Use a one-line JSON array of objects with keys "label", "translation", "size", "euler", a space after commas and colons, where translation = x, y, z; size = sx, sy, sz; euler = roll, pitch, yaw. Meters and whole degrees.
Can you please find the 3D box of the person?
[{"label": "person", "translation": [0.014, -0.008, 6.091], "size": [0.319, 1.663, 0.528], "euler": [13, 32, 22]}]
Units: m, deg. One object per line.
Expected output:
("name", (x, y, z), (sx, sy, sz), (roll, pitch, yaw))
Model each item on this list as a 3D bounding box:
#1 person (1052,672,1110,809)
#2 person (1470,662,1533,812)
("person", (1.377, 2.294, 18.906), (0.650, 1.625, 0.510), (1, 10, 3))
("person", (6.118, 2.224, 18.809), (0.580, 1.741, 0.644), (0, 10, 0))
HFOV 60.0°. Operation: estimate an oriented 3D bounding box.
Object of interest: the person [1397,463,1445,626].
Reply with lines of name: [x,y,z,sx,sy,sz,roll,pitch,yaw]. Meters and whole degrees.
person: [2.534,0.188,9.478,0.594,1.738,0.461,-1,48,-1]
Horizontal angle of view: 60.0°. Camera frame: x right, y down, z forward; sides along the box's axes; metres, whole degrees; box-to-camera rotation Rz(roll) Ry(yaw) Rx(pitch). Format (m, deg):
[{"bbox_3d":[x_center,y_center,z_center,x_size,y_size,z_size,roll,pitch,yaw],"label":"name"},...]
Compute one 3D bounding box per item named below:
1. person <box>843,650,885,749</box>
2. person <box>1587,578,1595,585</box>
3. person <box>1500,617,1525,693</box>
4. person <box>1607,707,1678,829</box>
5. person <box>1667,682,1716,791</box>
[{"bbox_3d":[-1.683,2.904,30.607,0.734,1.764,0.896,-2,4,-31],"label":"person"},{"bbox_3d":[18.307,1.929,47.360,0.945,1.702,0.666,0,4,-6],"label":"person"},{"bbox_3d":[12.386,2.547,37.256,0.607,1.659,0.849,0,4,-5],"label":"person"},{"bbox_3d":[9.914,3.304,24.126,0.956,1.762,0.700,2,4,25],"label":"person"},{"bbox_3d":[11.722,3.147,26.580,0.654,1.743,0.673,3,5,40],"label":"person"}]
══════════
### TO DO
Go through the material above and return each line that holds the word "bounding".

### REPLY TO THE EXERCISE
Model each item on this list as a 3D bounding box:
HFOV 60.0°. Operation: estimate an oriented 3D bounding box.
Compute one 3D bounding box per item named below:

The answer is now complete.